Bij besluit van 11 januari 2005, kenmerk BA/2004/3216, heeft verweerder krachtens artikel 18.12 van de Wet milieubeheer de bij besluit van 21 mei 1992 krachtens de Hinderwet aan verzoekster verleende revisievergunning en de bij besluit van 13 december 1994 krachtens de Wet milieubeheer aan verzoekster verleende veranderingsvergunning voor haar inrichting voor de verwerking van slachtafval op het perceel [locatie] te [plaats] ingetrokken per 4 april 2005. Verweerder heeft verzoekster bij dit besluit meegedeeld dat hij heeft besloten bestuursdwang toe te passen indien verzoekster op of na 4 april 2005 slachtafvalverwerkingsactiviteiten uitvoert en een last onder dwangsom opgelegd indien verzoekster na 4 april 2005 slachtafval in ontvangst neemt.

Tegen dit besluit heeft verzoekster bezwaar gemaakt.

Bij brief van 1 april 2005, bij de Raad van State ingekomen op dezelfde datum, heeft verzoekster de Voorzitter verzocht een voorlopige voorziening te treffen.

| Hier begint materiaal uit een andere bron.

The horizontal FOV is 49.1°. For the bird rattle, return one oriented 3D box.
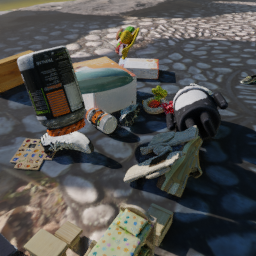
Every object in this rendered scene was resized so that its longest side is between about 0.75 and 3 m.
[{"bbox_3d":[1.408,-1.012,12.760,1.392,0.962,1.707,-17,49,-5],"label":"bird rattle"}]

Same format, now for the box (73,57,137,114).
[{"bbox_3d":[-1.281,-2.051,13.345,2.236,1.562,2.937,-20,39,-27],"label":"box"}]

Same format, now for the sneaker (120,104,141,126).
[{"bbox_3d":[-0.034,-0.543,12.101,0.698,0.628,1.617,3,25,26],"label":"sneaker"}]

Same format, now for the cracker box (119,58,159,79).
[{"bbox_3d":[0.618,-3.480,16.285,2.307,0.665,1.545,4,34,4],"label":"cracker box"}]

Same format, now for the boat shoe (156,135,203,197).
[{"bbox_3d":[1.964,1.252,9.185,1.010,0.950,2.652,30,51,18],"label":"boat shoe"}]

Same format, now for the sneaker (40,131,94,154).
[{"bbox_3d":[-2.312,0.669,10.130,2.175,0.821,1.251,20,46,34],"label":"sneaker"}]

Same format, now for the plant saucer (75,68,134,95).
[{"bbox_3d":[-1.248,-1.569,9.575,2.890,0.396,2.890,-11,0,0],"label":"plant saucer"}]

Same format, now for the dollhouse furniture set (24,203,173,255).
[{"bbox_3d":[-0.589,2.294,6.826,2.532,1.592,2.863,18,38,25],"label":"dollhouse furniture set"}]

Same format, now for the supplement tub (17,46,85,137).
[{"bbox_3d":[-1.934,-0.947,7.430,1.331,2.173,1.331,-13,17,4],"label":"supplement tub"}]

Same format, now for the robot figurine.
[{"bbox_3d":[2.665,-0.613,11.094,2.007,1.667,2.671,9,34,-5],"label":"robot figurine"}]

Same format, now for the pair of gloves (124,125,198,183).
[{"bbox_3d":[1.086,0.747,9.224,2.151,0.443,2.529,-20,18,38],"label":"pair of gloves"}]

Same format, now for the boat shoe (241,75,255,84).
[{"bbox_3d":[6.698,-2.698,15.417,1.122,0.335,0.401,-14,36,-20],"label":"boat shoe"}]

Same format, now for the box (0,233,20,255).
[{"bbox_3d":[-3.580,3.069,6.153,1.763,1.052,1.792,24,41,32],"label":"box"}]

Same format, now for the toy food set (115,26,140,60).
[{"bbox_3d":[-0.149,-2.764,8.918,0.586,1.055,1.794,25,9,-11],"label":"toy food set"}]

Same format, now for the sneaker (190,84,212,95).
[{"bbox_3d":[3.676,-1.920,14.234,0.501,0.464,1.236,-17,40,-42],"label":"sneaker"}]

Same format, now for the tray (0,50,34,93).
[{"bbox_3d":[-6.105,-2.956,14.796,0.545,1.453,2.945,22,40,28],"label":"tray"}]

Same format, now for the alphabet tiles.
[{"bbox_3d":[-3.392,0.940,10.240,1.419,0.064,1.698,4,34,5],"label":"alphabet tiles"}]

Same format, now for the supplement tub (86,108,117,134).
[{"bbox_3d":[-1.117,-0.336,11.507,1.252,0.767,0.767,29,43,36],"label":"supplement tub"}]
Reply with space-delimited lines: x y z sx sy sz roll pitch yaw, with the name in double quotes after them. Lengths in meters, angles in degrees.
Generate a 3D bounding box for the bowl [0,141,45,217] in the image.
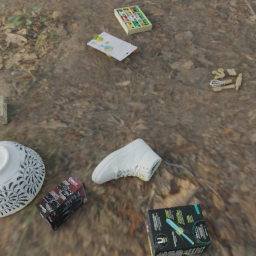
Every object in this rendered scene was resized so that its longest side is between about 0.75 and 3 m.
-4.438 1.419 9.494 2.870 1.347 2.870 -1 52 2 "bowl"

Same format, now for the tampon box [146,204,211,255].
1.427 3.110 8.373 1.622 1.024 1.216 -5 51 -4 "tampon box"

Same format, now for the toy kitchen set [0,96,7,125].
-5.843 -0.837 11.502 1.360 1.110 1.227 -13 52 -10 "toy kitchen set"

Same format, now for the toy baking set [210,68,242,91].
4.628 -2.218 13.227 1.402 0.212 1.826 12 52 13 "toy baking set"

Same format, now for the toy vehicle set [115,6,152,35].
0.277 -6.401 16.501 1.475 0.315 2.373 -16 53 -13 "toy vehicle set"

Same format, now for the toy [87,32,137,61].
-0.828 -4.113 14.514 2.312 0.546 1.331 34 61 22 "toy"

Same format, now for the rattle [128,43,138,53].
0.097 -4.250 14.812 0.547 0.498 0.765 -14 25 -24 "rattle"

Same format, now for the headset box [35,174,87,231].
-2.005 2.319 8.916 0.616 1.186 1.594 37 59 26 "headset box"

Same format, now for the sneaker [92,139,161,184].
0.058 1.434 9.815 2.448 0.902 1.414 -33 55 -25 "sneaker"

De Voorzitter heeft het verzoek ter zitting behandeld op 5 april 2005, waar verzoekster, vertegenwoordigd door mr. J.G.M. Roijers, advocaat te Rotterdam, en verweerder, vertegenwoordigd door mr. J.A. van Wijmen, advocaat te Zwolle, en mr. M. van Dijk-Prakken, E.B.J. Lange, P.A. Tempelman, mr. S. Boonstra, G.J.H. Ranter en ing. A. Boom, gemachtigden, zijn verschenen. Voorts is de stichting Wel en Wee, vertegenwoordigd door mr. F.F. Scheffer, advocaat te Deventer, daar als partij gehoord.

2. Overwegingen

2.1. Het bestreden besluit berust op de stelselmatige overtreding van de voorschriften A.2.1 en A.2.2, verbonden aan de in 1992 verleende revisievergunning, en voorschrift B.6, verbonden aan de in 1994 verleende veranderingsvergunning.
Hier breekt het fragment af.